I love the turning of the seasons, that moment when you see the first flush of autumn color, or the first white frost that blankets the ground and etches the world in shades of grey, the first precious buds of blossom or new leaves spouting from bare limbs, or the appearance of little green fruits that tell you summer is almost here. We each have different markers of the season, depending on where we live, and even though for so many of us who live in cities and maybe have no garden, still we mark the seasons.
My home town (Melbourne, in the south-eastern corner of Australia) is famous—infamous?— for having four seasons in one day, and I have to say, it's pretty true. Our weather is very changeable.
But in any case, I constantly juggle seasons — in my imagination it's one season (whenever the story I'm working on is set) while outside it's usually a completely different season — and then on social media, friends in different parts of the world are in a different season again. I must admit I sometimes have to check which season I'm actually in.
Currently in my corner of the world, it's spring, and I have all kinds of gorgeous flowers in bloom in my garden. (Above is sweet scented philadelphus - mock-orange and below there's also jacaranda) Some friends in other parts of the world are already shoveling snow from their drives, and some live in the warmer corners where the season doesn't have much of an impact.
I have a good friend who lives in tropical Australia, where it's warm all year round and there are only two seasons -- wet and dry. She's never seen snow, she's never experienced a landscape where all the trees are turning color. I remember once when she was planning a winter trip to Melbourne (where I live in the south-eastern corner of Australia) and was most excited about having purchased Special Purpose Clothing for the trip — a coat!
She recently visited the UK and to her delight experienced a proper autumn — and waxed lyrical at the magnificent colors of the autumn leaves. And the smell. She can't grow half the flowers that I take for granted — roses rot in her climate, for instance—but she has amazing tropical flowers, and asparagus all year round and she picks mangoes and papaya and chocolate sapote and all kinds of wonderful fruit from her own garden.
We each take our own climate so much for granted, don't we? I remember once when a friend of mine's mother, who was born and grew up in North Wales, was visited by her Welsh sisters. I gave them each a pot of apricot jam to take home, made from the apricots from the tree in her back yard. I thought it might be a nice little remembrance, but the sisters were amazed — apricots — from her own tree! She just went out the back door and picked them! Which is much how I feel about my tropical friend's mangoes. And she about my roses.
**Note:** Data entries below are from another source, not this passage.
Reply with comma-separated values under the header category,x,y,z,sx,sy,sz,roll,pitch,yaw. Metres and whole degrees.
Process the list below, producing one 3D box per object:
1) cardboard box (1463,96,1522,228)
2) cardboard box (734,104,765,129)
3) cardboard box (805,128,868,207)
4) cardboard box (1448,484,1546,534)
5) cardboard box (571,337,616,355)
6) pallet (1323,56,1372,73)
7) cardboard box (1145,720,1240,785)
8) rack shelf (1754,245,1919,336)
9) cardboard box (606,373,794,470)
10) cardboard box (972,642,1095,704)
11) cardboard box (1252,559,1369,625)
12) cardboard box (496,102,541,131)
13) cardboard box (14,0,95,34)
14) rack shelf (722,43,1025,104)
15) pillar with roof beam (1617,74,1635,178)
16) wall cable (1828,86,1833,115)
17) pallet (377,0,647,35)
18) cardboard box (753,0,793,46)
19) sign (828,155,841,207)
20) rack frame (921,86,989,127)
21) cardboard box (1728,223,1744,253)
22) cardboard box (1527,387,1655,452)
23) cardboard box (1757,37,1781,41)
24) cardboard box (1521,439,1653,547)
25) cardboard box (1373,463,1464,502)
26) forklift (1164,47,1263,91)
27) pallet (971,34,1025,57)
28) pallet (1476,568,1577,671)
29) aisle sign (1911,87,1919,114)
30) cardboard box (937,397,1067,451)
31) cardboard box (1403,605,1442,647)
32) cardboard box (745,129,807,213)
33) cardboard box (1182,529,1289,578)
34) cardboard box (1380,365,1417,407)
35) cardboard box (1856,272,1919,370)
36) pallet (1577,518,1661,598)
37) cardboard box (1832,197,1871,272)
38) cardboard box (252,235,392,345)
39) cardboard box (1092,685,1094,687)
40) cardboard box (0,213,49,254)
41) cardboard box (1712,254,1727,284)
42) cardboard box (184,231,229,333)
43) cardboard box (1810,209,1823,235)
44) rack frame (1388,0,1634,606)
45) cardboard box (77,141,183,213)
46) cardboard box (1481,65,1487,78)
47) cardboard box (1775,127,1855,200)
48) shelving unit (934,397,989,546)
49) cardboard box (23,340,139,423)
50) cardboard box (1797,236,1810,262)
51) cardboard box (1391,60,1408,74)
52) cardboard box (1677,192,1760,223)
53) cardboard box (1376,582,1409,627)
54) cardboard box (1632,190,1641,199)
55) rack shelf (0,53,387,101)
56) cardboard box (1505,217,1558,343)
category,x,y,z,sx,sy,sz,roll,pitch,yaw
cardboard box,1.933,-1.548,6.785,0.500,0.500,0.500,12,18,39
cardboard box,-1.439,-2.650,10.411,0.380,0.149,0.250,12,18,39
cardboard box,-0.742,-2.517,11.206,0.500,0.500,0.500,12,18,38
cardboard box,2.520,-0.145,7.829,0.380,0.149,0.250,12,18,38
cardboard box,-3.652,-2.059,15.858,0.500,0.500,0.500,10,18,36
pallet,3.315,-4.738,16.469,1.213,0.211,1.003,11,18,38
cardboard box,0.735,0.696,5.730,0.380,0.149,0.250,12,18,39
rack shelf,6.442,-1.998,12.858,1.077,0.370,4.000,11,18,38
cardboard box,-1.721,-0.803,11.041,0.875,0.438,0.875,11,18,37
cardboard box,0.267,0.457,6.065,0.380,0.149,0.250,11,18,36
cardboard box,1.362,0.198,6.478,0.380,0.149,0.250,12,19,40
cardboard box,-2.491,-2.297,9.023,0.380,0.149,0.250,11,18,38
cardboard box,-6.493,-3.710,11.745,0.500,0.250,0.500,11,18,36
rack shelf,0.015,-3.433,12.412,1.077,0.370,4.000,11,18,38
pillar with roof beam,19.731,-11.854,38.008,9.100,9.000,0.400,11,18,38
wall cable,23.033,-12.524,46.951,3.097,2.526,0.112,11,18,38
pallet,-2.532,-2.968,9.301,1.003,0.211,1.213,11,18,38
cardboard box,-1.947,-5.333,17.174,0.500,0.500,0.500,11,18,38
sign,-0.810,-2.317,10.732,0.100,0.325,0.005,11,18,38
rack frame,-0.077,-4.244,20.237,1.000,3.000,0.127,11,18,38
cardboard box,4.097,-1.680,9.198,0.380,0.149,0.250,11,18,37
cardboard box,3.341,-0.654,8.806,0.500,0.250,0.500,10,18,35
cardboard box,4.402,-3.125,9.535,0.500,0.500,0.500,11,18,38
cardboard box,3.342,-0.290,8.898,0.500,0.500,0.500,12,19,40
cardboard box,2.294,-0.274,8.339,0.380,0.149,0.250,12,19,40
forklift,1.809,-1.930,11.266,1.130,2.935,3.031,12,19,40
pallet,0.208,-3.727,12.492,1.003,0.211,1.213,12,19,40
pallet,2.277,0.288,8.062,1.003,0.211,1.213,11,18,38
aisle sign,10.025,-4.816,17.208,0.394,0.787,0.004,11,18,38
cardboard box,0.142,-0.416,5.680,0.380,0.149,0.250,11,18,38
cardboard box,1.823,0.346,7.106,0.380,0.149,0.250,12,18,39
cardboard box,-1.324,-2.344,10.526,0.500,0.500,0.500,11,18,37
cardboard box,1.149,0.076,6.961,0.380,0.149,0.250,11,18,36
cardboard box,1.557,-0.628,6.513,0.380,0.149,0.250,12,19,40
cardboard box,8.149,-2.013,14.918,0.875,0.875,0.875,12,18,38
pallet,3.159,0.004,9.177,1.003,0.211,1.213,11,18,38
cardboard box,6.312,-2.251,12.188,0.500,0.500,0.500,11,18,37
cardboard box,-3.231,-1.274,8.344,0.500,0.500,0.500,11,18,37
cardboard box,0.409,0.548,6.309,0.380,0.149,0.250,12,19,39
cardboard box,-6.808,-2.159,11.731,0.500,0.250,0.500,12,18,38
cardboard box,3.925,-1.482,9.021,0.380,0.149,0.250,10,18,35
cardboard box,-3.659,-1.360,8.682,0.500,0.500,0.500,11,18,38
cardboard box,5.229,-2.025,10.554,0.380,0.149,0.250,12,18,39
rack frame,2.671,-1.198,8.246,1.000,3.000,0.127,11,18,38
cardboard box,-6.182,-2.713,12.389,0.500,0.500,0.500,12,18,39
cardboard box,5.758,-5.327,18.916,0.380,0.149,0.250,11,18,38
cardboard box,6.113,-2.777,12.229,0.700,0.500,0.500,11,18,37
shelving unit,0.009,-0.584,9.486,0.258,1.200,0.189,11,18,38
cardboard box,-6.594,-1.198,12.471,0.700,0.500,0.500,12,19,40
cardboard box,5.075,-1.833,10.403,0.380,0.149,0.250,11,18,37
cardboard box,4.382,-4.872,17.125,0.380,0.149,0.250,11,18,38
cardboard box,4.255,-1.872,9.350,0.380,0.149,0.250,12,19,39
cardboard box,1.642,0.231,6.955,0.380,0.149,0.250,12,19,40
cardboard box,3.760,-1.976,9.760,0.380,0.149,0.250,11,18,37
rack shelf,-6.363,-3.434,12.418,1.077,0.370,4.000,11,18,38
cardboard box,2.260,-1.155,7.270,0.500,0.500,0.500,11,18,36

I made a mistake in a book, once, having a local villager giving the heroine a pile of lemons. It was an assumption I'd made, because I live in the cold part of Australia. that the plants that grow in my back yard would grow in England — and so I hadn't researched it. Some kind reader wrote to me and said — no way! Lemons don't grow in back yards in England — and of course, thinking about it, I recalled the upper classes had "orangeries" in which they grew their precious citrus fruits. I just hadn't put two and two together.
My favorite season is Autumn — where I live it's sunny and warm in the day, cool and crisp at night — a blessing after the summer heat— and we have a few imported trees that turn color. (Australian native plants don't do Autumn.) One day I'll get to the parts of the US and Canada that are famous for Fall color. For me, the turning of the Virginia creeper that grows outside my office window from lush green, as it is now, to brilliant scarlet is such a treat.
I love spring too, but I suspect in climates where there's been a long and bitter winter, it's much more of a celebration. No wonder the old-time pagans in cold and snowy climes celebrated Spring with wild abandon. And I love the way the Japanese celebrate Spring blossoms — one day I will go to Japan for cherry-blossom season.
A few years ago I recall friends in the US surprised me by complaining of a too-mild winter. Apparently they felt a good freeze cleaned things up in some way, and prepared them for a healthy spring. That would never have occurred to me.
So what season (or flowers) are you experiencing at the moment? Is there a season do you look forward to most? Is there any seasonal event or ritual you particularly enjoy—or one you'd love to experience?